With economic growth rates slowing to 18 year lows the federal government has pledged to overhaul its skilled migration system beginning with a review of the eligible occupation lists. Any changes won’t take effect until March 2020, and the focus will be on regional areas.

The tech sector meanwhile is claiming a $207 billion a year opportunity is going begging because of a lack of skills and under investment in the local ICT industry. 

Industry groups say a long term sustainable approach to skills development and investment is needed to drag the local sector back to a globally respectable level and doing so would add billions to the economy.

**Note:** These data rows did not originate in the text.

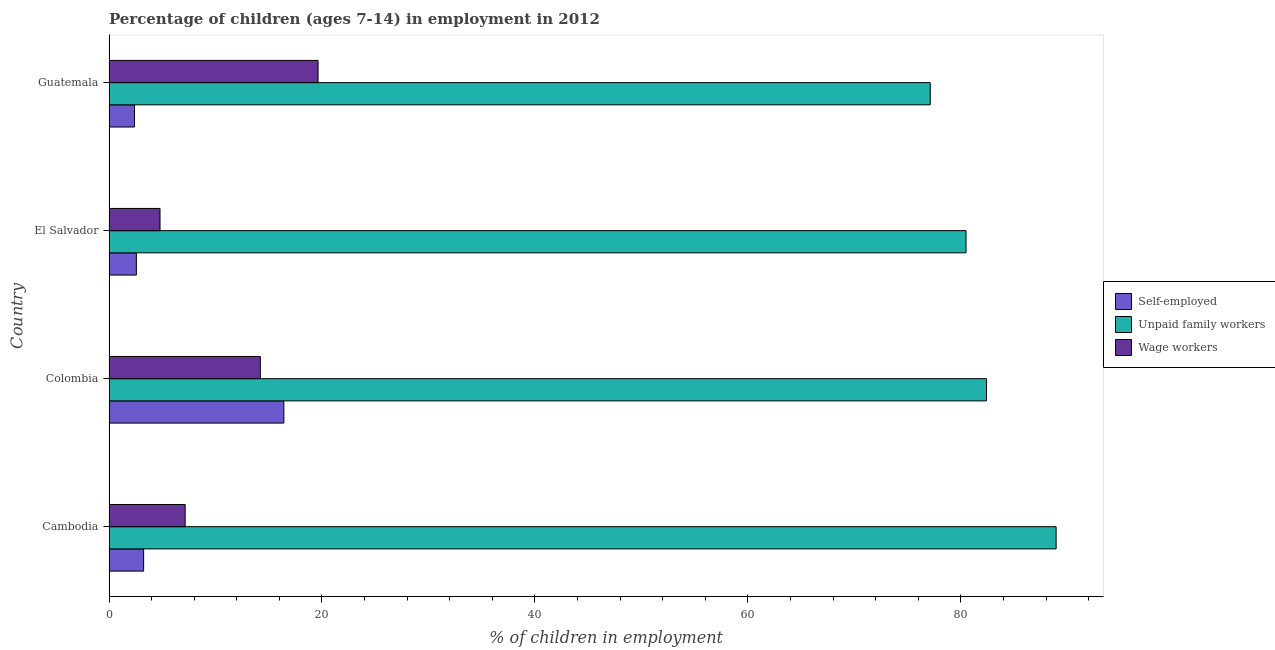How many different coloured bars are there?
Provide a short and direct response. 3. Are the number of bars on each tick of the Y-axis equal?
Keep it short and to the point. Yes. How many bars are there on the 2nd tick from the top?
Make the answer very short. 3. What is the percentage of children employed as wage workers in Cambodia?
Your response must be concise. 7.15. Across all countries, what is the maximum percentage of children employed as wage workers?
Your answer should be very brief. 19.63. Across all countries, what is the minimum percentage of self employed children?
Offer a very short reply. 2.39. In which country was the percentage of children employed as wage workers maximum?
Offer a terse response. Guatemala. In which country was the percentage of children employed as wage workers minimum?
Give a very brief answer. El Salvador. What is the total percentage of children employed as wage workers in the graph?
Give a very brief answer. 45.78. What is the difference between the percentage of children employed as wage workers in Colombia and that in Guatemala?
Offer a terse response. -5.42. What is the difference between the percentage of children employed as unpaid family workers in Guatemala and the percentage of children employed as wage workers in Colombia?
Give a very brief answer. 62.91. What is the average percentage of children employed as wage workers per country?
Your answer should be compact. 11.45. What is the difference between the percentage of children employed as unpaid family workers and percentage of children employed as wage workers in Colombia?
Make the answer very short. 68.19. In how many countries, is the percentage of children employed as wage workers greater than 8 %?
Your answer should be very brief. 2. What is the ratio of the percentage of self employed children in Cambodia to that in El Salvador?
Offer a terse response. 1.26. Is the difference between the percentage of children employed as wage workers in Cambodia and Colombia greater than the difference between the percentage of self employed children in Cambodia and Colombia?
Provide a succinct answer. Yes. What is the difference between the highest and the second highest percentage of children employed as wage workers?
Provide a short and direct response. 5.42. What is the difference between the highest and the lowest percentage of children employed as wage workers?
Offer a very short reply. 14.84. Is the sum of the percentage of children employed as wage workers in Cambodia and El Salvador greater than the maximum percentage of self employed children across all countries?
Your answer should be compact. No. What does the 2nd bar from the top in Cambodia represents?
Give a very brief answer. Unpaid family workers. What does the 1st bar from the bottom in Cambodia represents?
Offer a very short reply. Self-employed. Is it the case that in every country, the sum of the percentage of self employed children and percentage of children employed as unpaid family workers is greater than the percentage of children employed as wage workers?
Keep it short and to the point. Yes. How many bars are there?
Provide a short and direct response. 12. Are all the bars in the graph horizontal?
Your answer should be compact. Yes. Are the values on the major ticks of X-axis written in scientific E-notation?
Ensure brevity in your answer.  No. Does the graph contain any zero values?
Your answer should be very brief. No. How are the legend labels stacked?
Your answer should be very brief. Vertical. What is the title of the graph?
Keep it short and to the point. Percentage of children (ages 7-14) in employment in 2012. Does "Agricultural Nitrous Oxide" appear as one of the legend labels in the graph?
Give a very brief answer. No. What is the label or title of the X-axis?
Your response must be concise. % of children in employment. What is the label or title of the Y-axis?
Provide a short and direct response. Country. What is the % of children in employment of Self-employed in Cambodia?
Your answer should be very brief. 3.25. What is the % of children in employment of Unpaid family workers in Cambodia?
Your answer should be very brief. 88.94. What is the % of children in employment of Wage workers in Cambodia?
Your response must be concise. 7.15. What is the % of children in employment of Self-employed in Colombia?
Keep it short and to the point. 16.42. What is the % of children in employment of Unpaid family workers in Colombia?
Provide a succinct answer. 82.4. What is the % of children in employment of Wage workers in Colombia?
Your answer should be compact. 14.21. What is the % of children in employment in Self-employed in El Salvador?
Offer a very short reply. 2.57. What is the % of children in employment of Unpaid family workers in El Salvador?
Offer a terse response. 80.48. What is the % of children in employment in Wage workers in El Salvador?
Keep it short and to the point. 4.79. What is the % of children in employment in Self-employed in Guatemala?
Your answer should be very brief. 2.39. What is the % of children in employment in Unpaid family workers in Guatemala?
Your answer should be very brief. 77.12. What is the % of children in employment of Wage workers in Guatemala?
Provide a short and direct response. 19.63. Across all countries, what is the maximum % of children in employment of Self-employed?
Give a very brief answer. 16.42. Across all countries, what is the maximum % of children in employment in Unpaid family workers?
Provide a short and direct response. 88.94. Across all countries, what is the maximum % of children in employment of Wage workers?
Your response must be concise. 19.63. Across all countries, what is the minimum % of children in employment in Self-employed?
Give a very brief answer. 2.39. Across all countries, what is the minimum % of children in employment of Unpaid family workers?
Give a very brief answer. 77.12. Across all countries, what is the minimum % of children in employment of Wage workers?
Make the answer very short. 4.79. What is the total % of children in employment in Self-employed in the graph?
Give a very brief answer. 24.63. What is the total % of children in employment of Unpaid family workers in the graph?
Your answer should be compact. 328.94. What is the total % of children in employment in Wage workers in the graph?
Give a very brief answer. 45.78. What is the difference between the % of children in employment in Self-employed in Cambodia and that in Colombia?
Offer a very short reply. -13.17. What is the difference between the % of children in employment in Unpaid family workers in Cambodia and that in Colombia?
Make the answer very short. 6.54. What is the difference between the % of children in employment in Wage workers in Cambodia and that in Colombia?
Your answer should be very brief. -7.06. What is the difference between the % of children in employment in Self-employed in Cambodia and that in El Salvador?
Offer a terse response. 0.68. What is the difference between the % of children in employment of Unpaid family workers in Cambodia and that in El Salvador?
Provide a short and direct response. 8.46. What is the difference between the % of children in employment in Wage workers in Cambodia and that in El Salvador?
Keep it short and to the point. 2.36. What is the difference between the % of children in employment in Self-employed in Cambodia and that in Guatemala?
Offer a very short reply. 0.86. What is the difference between the % of children in employment in Unpaid family workers in Cambodia and that in Guatemala?
Provide a short and direct response. 11.82. What is the difference between the % of children in employment in Wage workers in Cambodia and that in Guatemala?
Your answer should be compact. -12.48. What is the difference between the % of children in employment of Self-employed in Colombia and that in El Salvador?
Provide a succinct answer. 13.85. What is the difference between the % of children in employment of Unpaid family workers in Colombia and that in El Salvador?
Keep it short and to the point. 1.92. What is the difference between the % of children in employment of Wage workers in Colombia and that in El Salvador?
Provide a short and direct response. 9.42. What is the difference between the % of children in employment of Self-employed in Colombia and that in Guatemala?
Make the answer very short. 14.03. What is the difference between the % of children in employment in Unpaid family workers in Colombia and that in Guatemala?
Your answer should be very brief. 5.28. What is the difference between the % of children in employment in Wage workers in Colombia and that in Guatemala?
Give a very brief answer. -5.42. What is the difference between the % of children in employment of Self-employed in El Salvador and that in Guatemala?
Provide a succinct answer. 0.18. What is the difference between the % of children in employment in Unpaid family workers in El Salvador and that in Guatemala?
Ensure brevity in your answer.  3.36. What is the difference between the % of children in employment in Wage workers in El Salvador and that in Guatemala?
Give a very brief answer. -14.84. What is the difference between the % of children in employment in Self-employed in Cambodia and the % of children in employment in Unpaid family workers in Colombia?
Give a very brief answer. -79.15. What is the difference between the % of children in employment in Self-employed in Cambodia and the % of children in employment in Wage workers in Colombia?
Make the answer very short. -10.96. What is the difference between the % of children in employment in Unpaid family workers in Cambodia and the % of children in employment in Wage workers in Colombia?
Your answer should be compact. 74.73. What is the difference between the % of children in employment in Self-employed in Cambodia and the % of children in employment in Unpaid family workers in El Salvador?
Make the answer very short. -77.23. What is the difference between the % of children in employment of Self-employed in Cambodia and the % of children in employment of Wage workers in El Salvador?
Ensure brevity in your answer.  -1.54. What is the difference between the % of children in employment in Unpaid family workers in Cambodia and the % of children in employment in Wage workers in El Salvador?
Give a very brief answer. 84.15. What is the difference between the % of children in employment in Self-employed in Cambodia and the % of children in employment in Unpaid family workers in Guatemala?
Offer a very short reply. -73.87. What is the difference between the % of children in employment in Self-employed in Cambodia and the % of children in employment in Wage workers in Guatemala?
Provide a short and direct response. -16.38. What is the difference between the % of children in employment in Unpaid family workers in Cambodia and the % of children in employment in Wage workers in Guatemala?
Provide a succinct answer. 69.31. What is the difference between the % of children in employment of Self-employed in Colombia and the % of children in employment of Unpaid family workers in El Salvador?
Provide a succinct answer. -64.06. What is the difference between the % of children in employment in Self-employed in Colombia and the % of children in employment in Wage workers in El Salvador?
Make the answer very short. 11.63. What is the difference between the % of children in employment in Unpaid family workers in Colombia and the % of children in employment in Wage workers in El Salvador?
Offer a very short reply. 77.61. What is the difference between the % of children in employment in Self-employed in Colombia and the % of children in employment in Unpaid family workers in Guatemala?
Your answer should be very brief. -60.7. What is the difference between the % of children in employment in Self-employed in Colombia and the % of children in employment in Wage workers in Guatemala?
Your response must be concise. -3.21. What is the difference between the % of children in employment of Unpaid family workers in Colombia and the % of children in employment of Wage workers in Guatemala?
Make the answer very short. 62.77. What is the difference between the % of children in employment in Self-employed in El Salvador and the % of children in employment in Unpaid family workers in Guatemala?
Your answer should be compact. -74.55. What is the difference between the % of children in employment in Self-employed in El Salvador and the % of children in employment in Wage workers in Guatemala?
Your answer should be compact. -17.06. What is the difference between the % of children in employment in Unpaid family workers in El Salvador and the % of children in employment in Wage workers in Guatemala?
Ensure brevity in your answer.  60.85. What is the average % of children in employment in Self-employed per country?
Make the answer very short. 6.16. What is the average % of children in employment in Unpaid family workers per country?
Ensure brevity in your answer.  82.23. What is the average % of children in employment of Wage workers per country?
Give a very brief answer. 11.45. What is the difference between the % of children in employment of Self-employed and % of children in employment of Unpaid family workers in Cambodia?
Your response must be concise. -85.69. What is the difference between the % of children in employment of Unpaid family workers and % of children in employment of Wage workers in Cambodia?
Provide a succinct answer. 81.79. What is the difference between the % of children in employment in Self-employed and % of children in employment in Unpaid family workers in Colombia?
Make the answer very short. -65.98. What is the difference between the % of children in employment in Self-employed and % of children in employment in Wage workers in Colombia?
Provide a succinct answer. 2.21. What is the difference between the % of children in employment in Unpaid family workers and % of children in employment in Wage workers in Colombia?
Your answer should be very brief. 68.19. What is the difference between the % of children in employment in Self-employed and % of children in employment in Unpaid family workers in El Salvador?
Ensure brevity in your answer.  -77.91. What is the difference between the % of children in employment in Self-employed and % of children in employment in Wage workers in El Salvador?
Your answer should be compact. -2.22. What is the difference between the % of children in employment in Unpaid family workers and % of children in employment in Wage workers in El Salvador?
Your answer should be compact. 75.69. What is the difference between the % of children in employment in Self-employed and % of children in employment in Unpaid family workers in Guatemala?
Provide a succinct answer. -74.73. What is the difference between the % of children in employment of Self-employed and % of children in employment of Wage workers in Guatemala?
Give a very brief answer. -17.24. What is the difference between the % of children in employment in Unpaid family workers and % of children in employment in Wage workers in Guatemala?
Keep it short and to the point. 57.49. What is the ratio of the % of children in employment of Self-employed in Cambodia to that in Colombia?
Provide a short and direct response. 0.2. What is the ratio of the % of children in employment in Unpaid family workers in Cambodia to that in Colombia?
Offer a very short reply. 1.08. What is the ratio of the % of children in employment in Wage workers in Cambodia to that in Colombia?
Your response must be concise. 0.5. What is the ratio of the % of children in employment in Self-employed in Cambodia to that in El Salvador?
Your answer should be very brief. 1.26. What is the ratio of the % of children in employment in Unpaid family workers in Cambodia to that in El Salvador?
Ensure brevity in your answer.  1.11. What is the ratio of the % of children in employment of Wage workers in Cambodia to that in El Salvador?
Your answer should be very brief. 1.49. What is the ratio of the % of children in employment in Self-employed in Cambodia to that in Guatemala?
Your answer should be compact. 1.36. What is the ratio of the % of children in employment of Unpaid family workers in Cambodia to that in Guatemala?
Your answer should be very brief. 1.15. What is the ratio of the % of children in employment of Wage workers in Cambodia to that in Guatemala?
Give a very brief answer. 0.36. What is the ratio of the % of children in employment in Self-employed in Colombia to that in El Salvador?
Provide a succinct answer. 6.39. What is the ratio of the % of children in employment in Unpaid family workers in Colombia to that in El Salvador?
Provide a short and direct response. 1.02. What is the ratio of the % of children in employment in Wage workers in Colombia to that in El Salvador?
Ensure brevity in your answer.  2.97. What is the ratio of the % of children in employment in Self-employed in Colombia to that in Guatemala?
Your response must be concise. 6.87. What is the ratio of the % of children in employment of Unpaid family workers in Colombia to that in Guatemala?
Give a very brief answer. 1.07. What is the ratio of the % of children in employment in Wage workers in Colombia to that in Guatemala?
Your response must be concise. 0.72. What is the ratio of the % of children in employment of Self-employed in El Salvador to that in Guatemala?
Your response must be concise. 1.08. What is the ratio of the % of children in employment in Unpaid family workers in El Salvador to that in Guatemala?
Ensure brevity in your answer.  1.04. What is the ratio of the % of children in employment in Wage workers in El Salvador to that in Guatemala?
Provide a short and direct response. 0.24. What is the difference between the highest and the second highest % of children in employment in Self-employed?
Provide a succinct answer. 13.17. What is the difference between the highest and the second highest % of children in employment of Unpaid family workers?
Offer a terse response. 6.54. What is the difference between the highest and the second highest % of children in employment in Wage workers?
Your answer should be very brief. 5.42. What is the difference between the highest and the lowest % of children in employment of Self-employed?
Make the answer very short. 14.03. What is the difference between the highest and the lowest % of children in employment of Unpaid family workers?
Provide a succinct answer. 11.82. What is the difference between the highest and the lowest % of children in employment in Wage workers?
Your answer should be very brief. 14.84.

Leaders in the industry have criticised the government’s migration approach, saying it ignores the local skills opportunity.

Economic opportunity

A report commissioned by the Digital Industry Group Inc (DIGI), with founding members including Google, Facebook and Twitter, found Australia’s ICT sector is around half the size of global peers as a proportion of GDP, and is ranked below all OECD countries except Mexico.

According to the research, conducted by AlphaBeta, Australia currently ranks in the bottom half of OECD countries for innovation and research and development.

At this level the tech sector is Australia’s sixth largest industry and is still employing 580,000 people including 66,000 in regional Australia, and contributing $122 billion to the economy each year, according to the report. 

But the DIGI report argues the sector is not meeting its potential and bringing Australia in line with global leaders would mean the sector’s economic contribution would rise to $207 billion by 2030. 

Skills demand

Fellow industry group the Australian Computer Society (ACS) also claims technology policies could drive economic growth but currently skills demand far outweighs supply. The ACS says a further 100,000 technology sector workers will be needed by 2024.

And while university graduation rates for technology degrees have risen slightly, they are being offset by drops in the vocational sector, ACS president Yohan Ramasundara said.

“For Australia to be a competitive player in the world economy, our policymakers, businesses, workers and communities need to work better together to address the challenges of technology-related skills, investment and collaboration,” Ramasundara said.

A new ACS report, Australia’s Digital Pulse, prepared by Deloitte Access Economics, claims the benefit from reskilling workers in other professional industries to meet employer demand for technology skills by 2024 could potentially be more than $11,000 per employee per year.

Government approach

Determined not to risk its forecast surplus the government appears to see migration rather than direct investment as a potential solution to its economic struggles. In addition to the latest review of the skilled migration system, the government has already extended its tech startup visa program, despite slow uptake.

“The pace of change in the industry means the technology skills gap won’t start closing any time soon, but in fact broaden with the prospect that we need another 200,000 tech workers hired within the next five years,” said Jason Baden, Regional Vice President, F5 Networks A/NZ.

“While the aim of a skilled-migration program can ensure employers have access to workers to fill critical skills shortages, there’s a significant opportunity being missed for a longer-term strategy to build the skills of a local, capable and adaptable group of talent, especially in the developer space. It’s crucial for organisations to learn how to best utilise their existing technology talent, especially as our economy continues to thrive in the application capital era.”

Baden says the uptake of skilled visas for technology roles shows demand from industry is there but local talent needs to be addressed as well for longer term economic benefits.

Likewise, Gary Denman, Vice President, ANZ at McAfee says Australia needs more than skilled migration.

“Skilled migration is certainly a solution to explore, but definitely not the only option nor should it be solely relied upon to help fill the tech and IT skills gap … To truly respond to the high-priority needs of key employment sectors, such as technology and cybersecurity, a long-term, sustainable and multi-layered approach must be considered over temporary solutions.”